- Exercise objective:
For the string "instrument", count the lines in the records below that contain it. Answer with that number alone.

------ Dataset extract ------

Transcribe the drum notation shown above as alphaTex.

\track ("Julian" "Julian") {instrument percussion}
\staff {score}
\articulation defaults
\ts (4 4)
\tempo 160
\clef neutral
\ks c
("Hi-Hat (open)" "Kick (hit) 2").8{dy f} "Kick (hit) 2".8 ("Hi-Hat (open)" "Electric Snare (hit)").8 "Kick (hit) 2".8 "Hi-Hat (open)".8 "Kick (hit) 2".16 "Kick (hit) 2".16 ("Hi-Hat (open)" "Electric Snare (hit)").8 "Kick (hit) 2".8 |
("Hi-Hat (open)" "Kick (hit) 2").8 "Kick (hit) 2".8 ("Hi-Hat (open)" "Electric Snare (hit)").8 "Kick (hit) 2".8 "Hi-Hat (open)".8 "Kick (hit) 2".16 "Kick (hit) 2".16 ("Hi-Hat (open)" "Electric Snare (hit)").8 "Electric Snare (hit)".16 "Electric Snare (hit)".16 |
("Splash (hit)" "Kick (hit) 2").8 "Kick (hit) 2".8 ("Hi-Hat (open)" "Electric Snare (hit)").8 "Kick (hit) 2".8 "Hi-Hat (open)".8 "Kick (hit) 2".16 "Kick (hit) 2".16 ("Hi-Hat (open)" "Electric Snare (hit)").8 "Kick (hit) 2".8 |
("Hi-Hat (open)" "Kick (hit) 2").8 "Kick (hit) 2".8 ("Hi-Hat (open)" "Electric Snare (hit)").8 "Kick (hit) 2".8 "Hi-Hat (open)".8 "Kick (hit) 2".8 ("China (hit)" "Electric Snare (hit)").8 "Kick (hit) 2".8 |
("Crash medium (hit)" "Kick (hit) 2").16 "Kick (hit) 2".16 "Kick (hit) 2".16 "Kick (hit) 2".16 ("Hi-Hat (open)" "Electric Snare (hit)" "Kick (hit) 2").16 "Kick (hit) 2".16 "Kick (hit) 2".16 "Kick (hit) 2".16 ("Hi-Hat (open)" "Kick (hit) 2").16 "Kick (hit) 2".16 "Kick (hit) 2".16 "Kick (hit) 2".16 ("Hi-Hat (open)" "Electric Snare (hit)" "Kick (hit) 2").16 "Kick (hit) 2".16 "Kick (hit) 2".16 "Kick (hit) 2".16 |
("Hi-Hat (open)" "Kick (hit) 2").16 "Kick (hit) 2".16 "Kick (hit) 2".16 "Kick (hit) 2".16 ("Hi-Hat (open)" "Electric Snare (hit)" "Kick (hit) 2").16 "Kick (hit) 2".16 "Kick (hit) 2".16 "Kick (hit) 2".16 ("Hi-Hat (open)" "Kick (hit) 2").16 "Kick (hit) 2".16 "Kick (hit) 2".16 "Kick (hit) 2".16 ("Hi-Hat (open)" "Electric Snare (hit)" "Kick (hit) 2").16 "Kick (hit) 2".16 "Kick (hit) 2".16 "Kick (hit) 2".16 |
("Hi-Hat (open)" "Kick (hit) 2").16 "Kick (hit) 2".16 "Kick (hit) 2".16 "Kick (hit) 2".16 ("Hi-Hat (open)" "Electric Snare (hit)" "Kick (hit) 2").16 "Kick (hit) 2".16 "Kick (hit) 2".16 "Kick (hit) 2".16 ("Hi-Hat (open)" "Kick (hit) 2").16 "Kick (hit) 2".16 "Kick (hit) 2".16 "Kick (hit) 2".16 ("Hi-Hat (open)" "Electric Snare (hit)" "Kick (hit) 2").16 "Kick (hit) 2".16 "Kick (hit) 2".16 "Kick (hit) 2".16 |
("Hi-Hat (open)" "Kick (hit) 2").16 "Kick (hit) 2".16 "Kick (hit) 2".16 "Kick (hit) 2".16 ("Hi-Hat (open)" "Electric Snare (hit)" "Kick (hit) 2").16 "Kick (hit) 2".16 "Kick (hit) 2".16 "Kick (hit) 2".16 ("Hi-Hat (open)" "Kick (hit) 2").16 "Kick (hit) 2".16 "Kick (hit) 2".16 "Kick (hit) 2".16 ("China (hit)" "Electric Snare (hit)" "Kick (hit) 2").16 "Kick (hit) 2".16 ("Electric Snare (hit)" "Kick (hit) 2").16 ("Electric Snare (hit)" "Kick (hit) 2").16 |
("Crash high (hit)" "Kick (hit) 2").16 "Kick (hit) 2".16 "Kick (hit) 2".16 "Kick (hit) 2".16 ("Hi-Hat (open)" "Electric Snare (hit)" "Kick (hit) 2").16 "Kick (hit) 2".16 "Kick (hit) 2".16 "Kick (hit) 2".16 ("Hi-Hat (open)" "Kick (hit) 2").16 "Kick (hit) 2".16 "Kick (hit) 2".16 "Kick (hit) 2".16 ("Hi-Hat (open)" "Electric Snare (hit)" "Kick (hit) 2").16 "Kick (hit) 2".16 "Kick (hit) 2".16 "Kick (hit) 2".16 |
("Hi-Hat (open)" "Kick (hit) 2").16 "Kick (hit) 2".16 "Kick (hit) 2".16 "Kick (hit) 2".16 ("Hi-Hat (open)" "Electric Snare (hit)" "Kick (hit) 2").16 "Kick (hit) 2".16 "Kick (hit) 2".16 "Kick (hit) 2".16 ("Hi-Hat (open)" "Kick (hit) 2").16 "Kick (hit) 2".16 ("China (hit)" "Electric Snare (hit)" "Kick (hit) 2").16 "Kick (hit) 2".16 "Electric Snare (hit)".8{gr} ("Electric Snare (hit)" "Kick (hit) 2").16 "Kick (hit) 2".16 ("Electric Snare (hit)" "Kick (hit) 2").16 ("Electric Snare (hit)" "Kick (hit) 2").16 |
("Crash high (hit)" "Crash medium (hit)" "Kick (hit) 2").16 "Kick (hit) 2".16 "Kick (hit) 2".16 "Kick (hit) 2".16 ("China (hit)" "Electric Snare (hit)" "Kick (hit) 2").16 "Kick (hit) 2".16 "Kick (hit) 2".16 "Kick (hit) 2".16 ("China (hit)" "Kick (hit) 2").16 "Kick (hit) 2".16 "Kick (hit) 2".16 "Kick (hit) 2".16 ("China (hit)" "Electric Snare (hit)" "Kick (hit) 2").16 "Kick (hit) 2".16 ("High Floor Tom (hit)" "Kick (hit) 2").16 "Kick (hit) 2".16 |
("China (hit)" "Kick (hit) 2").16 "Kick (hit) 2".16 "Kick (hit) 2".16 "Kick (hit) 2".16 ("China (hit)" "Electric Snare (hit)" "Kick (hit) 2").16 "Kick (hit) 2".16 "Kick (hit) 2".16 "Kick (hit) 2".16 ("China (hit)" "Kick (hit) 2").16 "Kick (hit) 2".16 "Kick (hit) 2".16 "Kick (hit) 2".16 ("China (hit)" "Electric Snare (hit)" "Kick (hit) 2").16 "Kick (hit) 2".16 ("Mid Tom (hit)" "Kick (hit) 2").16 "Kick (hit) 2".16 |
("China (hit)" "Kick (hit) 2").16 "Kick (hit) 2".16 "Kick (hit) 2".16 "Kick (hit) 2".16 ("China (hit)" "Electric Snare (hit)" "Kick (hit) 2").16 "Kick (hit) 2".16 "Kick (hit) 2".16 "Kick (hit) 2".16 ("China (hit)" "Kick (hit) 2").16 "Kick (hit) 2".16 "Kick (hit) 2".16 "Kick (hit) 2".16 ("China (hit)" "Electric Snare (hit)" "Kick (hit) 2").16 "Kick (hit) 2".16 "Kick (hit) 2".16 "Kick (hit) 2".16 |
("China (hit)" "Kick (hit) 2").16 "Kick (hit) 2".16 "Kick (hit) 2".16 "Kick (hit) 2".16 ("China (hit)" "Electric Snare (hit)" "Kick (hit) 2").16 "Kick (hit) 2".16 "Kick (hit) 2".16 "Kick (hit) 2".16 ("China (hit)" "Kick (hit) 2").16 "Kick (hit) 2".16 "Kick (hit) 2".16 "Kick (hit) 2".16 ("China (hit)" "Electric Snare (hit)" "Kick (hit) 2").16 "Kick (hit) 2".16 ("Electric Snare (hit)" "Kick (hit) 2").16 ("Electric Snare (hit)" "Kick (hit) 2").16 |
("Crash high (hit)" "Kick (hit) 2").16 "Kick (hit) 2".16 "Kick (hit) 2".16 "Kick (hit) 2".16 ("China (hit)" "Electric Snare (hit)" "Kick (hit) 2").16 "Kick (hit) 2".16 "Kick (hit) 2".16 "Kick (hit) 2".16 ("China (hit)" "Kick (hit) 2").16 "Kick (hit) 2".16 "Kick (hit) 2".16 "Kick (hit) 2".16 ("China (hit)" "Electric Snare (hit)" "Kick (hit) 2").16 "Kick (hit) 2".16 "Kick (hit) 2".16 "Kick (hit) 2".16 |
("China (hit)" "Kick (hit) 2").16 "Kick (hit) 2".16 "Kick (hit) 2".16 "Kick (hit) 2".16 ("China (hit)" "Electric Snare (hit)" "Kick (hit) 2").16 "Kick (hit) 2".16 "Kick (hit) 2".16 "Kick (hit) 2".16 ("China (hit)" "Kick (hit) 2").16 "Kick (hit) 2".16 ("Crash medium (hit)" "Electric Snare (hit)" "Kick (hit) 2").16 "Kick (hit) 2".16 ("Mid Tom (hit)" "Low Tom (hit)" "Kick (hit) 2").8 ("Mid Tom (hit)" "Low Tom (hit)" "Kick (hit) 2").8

------
------ Dataset extract ------

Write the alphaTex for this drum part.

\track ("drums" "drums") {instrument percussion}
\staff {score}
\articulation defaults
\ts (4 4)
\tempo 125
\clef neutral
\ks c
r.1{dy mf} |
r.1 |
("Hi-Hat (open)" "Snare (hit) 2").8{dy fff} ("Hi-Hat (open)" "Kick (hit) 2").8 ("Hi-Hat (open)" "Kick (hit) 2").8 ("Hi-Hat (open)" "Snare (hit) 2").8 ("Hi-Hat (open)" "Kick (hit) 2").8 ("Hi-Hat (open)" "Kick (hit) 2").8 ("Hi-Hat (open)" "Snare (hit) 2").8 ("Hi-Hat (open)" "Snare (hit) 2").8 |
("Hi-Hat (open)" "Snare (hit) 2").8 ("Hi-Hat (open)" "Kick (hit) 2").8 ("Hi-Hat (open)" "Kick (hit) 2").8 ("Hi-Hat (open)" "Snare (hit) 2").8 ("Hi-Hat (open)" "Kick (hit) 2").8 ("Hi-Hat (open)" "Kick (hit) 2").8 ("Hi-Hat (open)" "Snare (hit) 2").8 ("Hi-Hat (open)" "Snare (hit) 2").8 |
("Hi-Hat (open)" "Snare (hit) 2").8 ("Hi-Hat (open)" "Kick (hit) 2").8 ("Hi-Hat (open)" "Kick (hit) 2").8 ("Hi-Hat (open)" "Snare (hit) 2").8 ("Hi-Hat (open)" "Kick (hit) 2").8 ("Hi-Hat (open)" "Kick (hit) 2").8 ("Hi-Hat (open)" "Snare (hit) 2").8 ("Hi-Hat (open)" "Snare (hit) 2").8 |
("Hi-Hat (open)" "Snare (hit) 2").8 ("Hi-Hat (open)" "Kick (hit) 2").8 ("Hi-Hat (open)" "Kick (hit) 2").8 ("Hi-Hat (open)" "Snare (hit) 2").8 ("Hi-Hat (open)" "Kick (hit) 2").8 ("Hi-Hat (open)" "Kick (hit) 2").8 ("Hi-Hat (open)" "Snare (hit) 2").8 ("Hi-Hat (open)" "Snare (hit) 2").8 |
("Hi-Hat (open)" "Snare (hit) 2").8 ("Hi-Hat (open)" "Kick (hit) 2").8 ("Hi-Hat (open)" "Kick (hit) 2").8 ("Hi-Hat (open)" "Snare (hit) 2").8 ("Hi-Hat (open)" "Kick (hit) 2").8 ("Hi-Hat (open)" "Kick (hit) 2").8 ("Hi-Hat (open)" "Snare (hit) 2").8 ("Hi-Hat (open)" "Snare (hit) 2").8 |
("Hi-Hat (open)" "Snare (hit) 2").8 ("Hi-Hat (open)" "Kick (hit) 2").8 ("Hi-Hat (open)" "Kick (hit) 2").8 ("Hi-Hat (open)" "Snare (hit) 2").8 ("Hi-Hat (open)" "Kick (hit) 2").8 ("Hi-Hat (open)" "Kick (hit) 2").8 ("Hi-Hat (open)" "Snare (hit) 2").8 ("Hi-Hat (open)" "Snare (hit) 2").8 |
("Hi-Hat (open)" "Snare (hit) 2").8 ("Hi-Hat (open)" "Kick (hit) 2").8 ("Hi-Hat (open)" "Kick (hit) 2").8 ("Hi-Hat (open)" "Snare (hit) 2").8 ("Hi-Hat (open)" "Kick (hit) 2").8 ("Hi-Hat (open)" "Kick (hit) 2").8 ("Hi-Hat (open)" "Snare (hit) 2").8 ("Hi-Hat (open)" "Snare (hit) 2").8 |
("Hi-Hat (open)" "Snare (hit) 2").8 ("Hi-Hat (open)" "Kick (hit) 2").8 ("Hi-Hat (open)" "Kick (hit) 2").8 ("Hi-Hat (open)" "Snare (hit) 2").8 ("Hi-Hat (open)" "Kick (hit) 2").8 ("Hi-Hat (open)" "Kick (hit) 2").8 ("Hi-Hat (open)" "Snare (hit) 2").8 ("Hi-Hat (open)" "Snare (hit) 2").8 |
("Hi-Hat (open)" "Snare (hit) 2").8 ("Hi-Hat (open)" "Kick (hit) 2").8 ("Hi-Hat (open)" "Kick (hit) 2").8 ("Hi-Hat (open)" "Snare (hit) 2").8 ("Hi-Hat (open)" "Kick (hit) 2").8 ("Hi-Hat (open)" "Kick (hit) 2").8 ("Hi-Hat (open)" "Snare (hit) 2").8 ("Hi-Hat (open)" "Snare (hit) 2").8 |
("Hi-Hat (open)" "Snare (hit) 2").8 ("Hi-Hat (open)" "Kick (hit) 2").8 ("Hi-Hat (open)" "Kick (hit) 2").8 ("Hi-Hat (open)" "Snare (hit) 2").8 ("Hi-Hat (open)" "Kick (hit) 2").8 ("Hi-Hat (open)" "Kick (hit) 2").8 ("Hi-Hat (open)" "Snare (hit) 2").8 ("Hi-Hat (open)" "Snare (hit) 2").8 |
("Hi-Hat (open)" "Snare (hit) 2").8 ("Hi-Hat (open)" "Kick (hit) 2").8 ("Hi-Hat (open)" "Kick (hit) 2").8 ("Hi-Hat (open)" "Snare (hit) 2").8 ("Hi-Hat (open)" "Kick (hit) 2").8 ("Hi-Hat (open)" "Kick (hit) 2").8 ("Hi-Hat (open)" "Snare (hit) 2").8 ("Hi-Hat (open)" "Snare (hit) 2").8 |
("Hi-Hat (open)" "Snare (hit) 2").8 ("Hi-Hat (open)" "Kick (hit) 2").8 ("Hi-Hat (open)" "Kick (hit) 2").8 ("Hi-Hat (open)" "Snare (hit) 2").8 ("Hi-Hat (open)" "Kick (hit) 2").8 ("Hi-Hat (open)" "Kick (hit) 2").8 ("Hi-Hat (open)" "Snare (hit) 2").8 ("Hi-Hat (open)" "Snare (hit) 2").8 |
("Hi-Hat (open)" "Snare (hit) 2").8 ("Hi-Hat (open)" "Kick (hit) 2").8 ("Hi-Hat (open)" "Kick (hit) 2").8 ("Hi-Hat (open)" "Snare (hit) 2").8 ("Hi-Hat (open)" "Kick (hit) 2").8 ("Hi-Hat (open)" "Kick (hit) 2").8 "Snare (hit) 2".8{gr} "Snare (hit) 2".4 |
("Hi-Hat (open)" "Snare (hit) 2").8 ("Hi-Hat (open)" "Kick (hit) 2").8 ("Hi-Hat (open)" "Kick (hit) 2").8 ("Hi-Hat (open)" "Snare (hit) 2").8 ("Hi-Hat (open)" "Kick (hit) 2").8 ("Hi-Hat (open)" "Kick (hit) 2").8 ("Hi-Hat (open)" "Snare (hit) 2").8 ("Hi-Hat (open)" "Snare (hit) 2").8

------

- Solution:
2